BEGIN

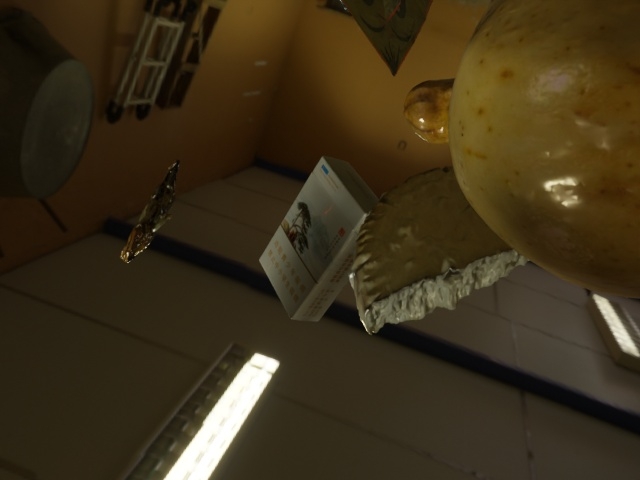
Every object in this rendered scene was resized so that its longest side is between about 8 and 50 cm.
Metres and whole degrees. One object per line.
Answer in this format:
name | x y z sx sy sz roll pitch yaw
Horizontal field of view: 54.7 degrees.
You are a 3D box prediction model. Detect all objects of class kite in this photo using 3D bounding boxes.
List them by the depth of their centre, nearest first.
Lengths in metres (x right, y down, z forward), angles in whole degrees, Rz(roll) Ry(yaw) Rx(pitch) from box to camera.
kite | 0.096 -0.433 1.039 0.013 0.327 0.378 -10 179 40

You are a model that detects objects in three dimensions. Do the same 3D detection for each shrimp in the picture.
shrimp | -0.373 -0.058 1.408 0.066 0.262 0.117 26 -168 -15

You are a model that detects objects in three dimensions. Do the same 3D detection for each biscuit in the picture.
biscuit | 0.151 -0.007 0.806 0.179 0.281 0.084 60 173 24

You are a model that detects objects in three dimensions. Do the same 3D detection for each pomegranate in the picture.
pomegranate | 0.283 -0.132 0.625 0.411 0.409 0.410 17 -161 -6

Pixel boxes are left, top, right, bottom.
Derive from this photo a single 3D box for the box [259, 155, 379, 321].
box | 0.000 -0.001 1.004 0.067 0.233 0.149 6 -142 -42

END

Return every line shown above without changing a word, and skip the pictures.

Every object in this rendered scene was resized so that its longest side is between about 8 and 50 cm.
Metres and whole degrees. One object per line.
Answer in this format:
name | x y z sx sy sz roll pitch yaw
Horizontal field of view: 54.7 degrees.
You are a 3D box prediction model. Detect all objects of class kite in this photo using 3D bounding boxes.
List them by the depth of their centre, nearest first.
Lengths in metres (x right, y down, z forward), angles in whole degrees, Rz(roll) Ry(yaw) Rx(pitch) from box to camera.
kite | 0.096 -0.433 1.039 0.013 0.327 0.378 -10 179 40

You are a model that detects objects in three dimensions. Do the same 3D detection for each shrimp in the picture.
shrimp | -0.373 -0.058 1.408 0.066 0.262 0.117 26 -168 -15

You are a model that detects objects in three dimensions. Do the same 3D detection for each biscuit in the picture.
biscuit | 0.151 -0.007 0.806 0.179 0.281 0.084 60 173 24

You are a model that detects objects in three dimensions. Do the same 3D detection for each pomegranate in the picture.
pomegranate | 0.283 -0.132 0.625 0.411 0.409 0.410 17 -161 -6

Pixel boxes are left, top, right, bottom.
Derive from this photo a single 3D box for the box [259, 155, 379, 321].
box | 0.000 -0.001 1.004 0.067 0.233 0.149 6 -142 -42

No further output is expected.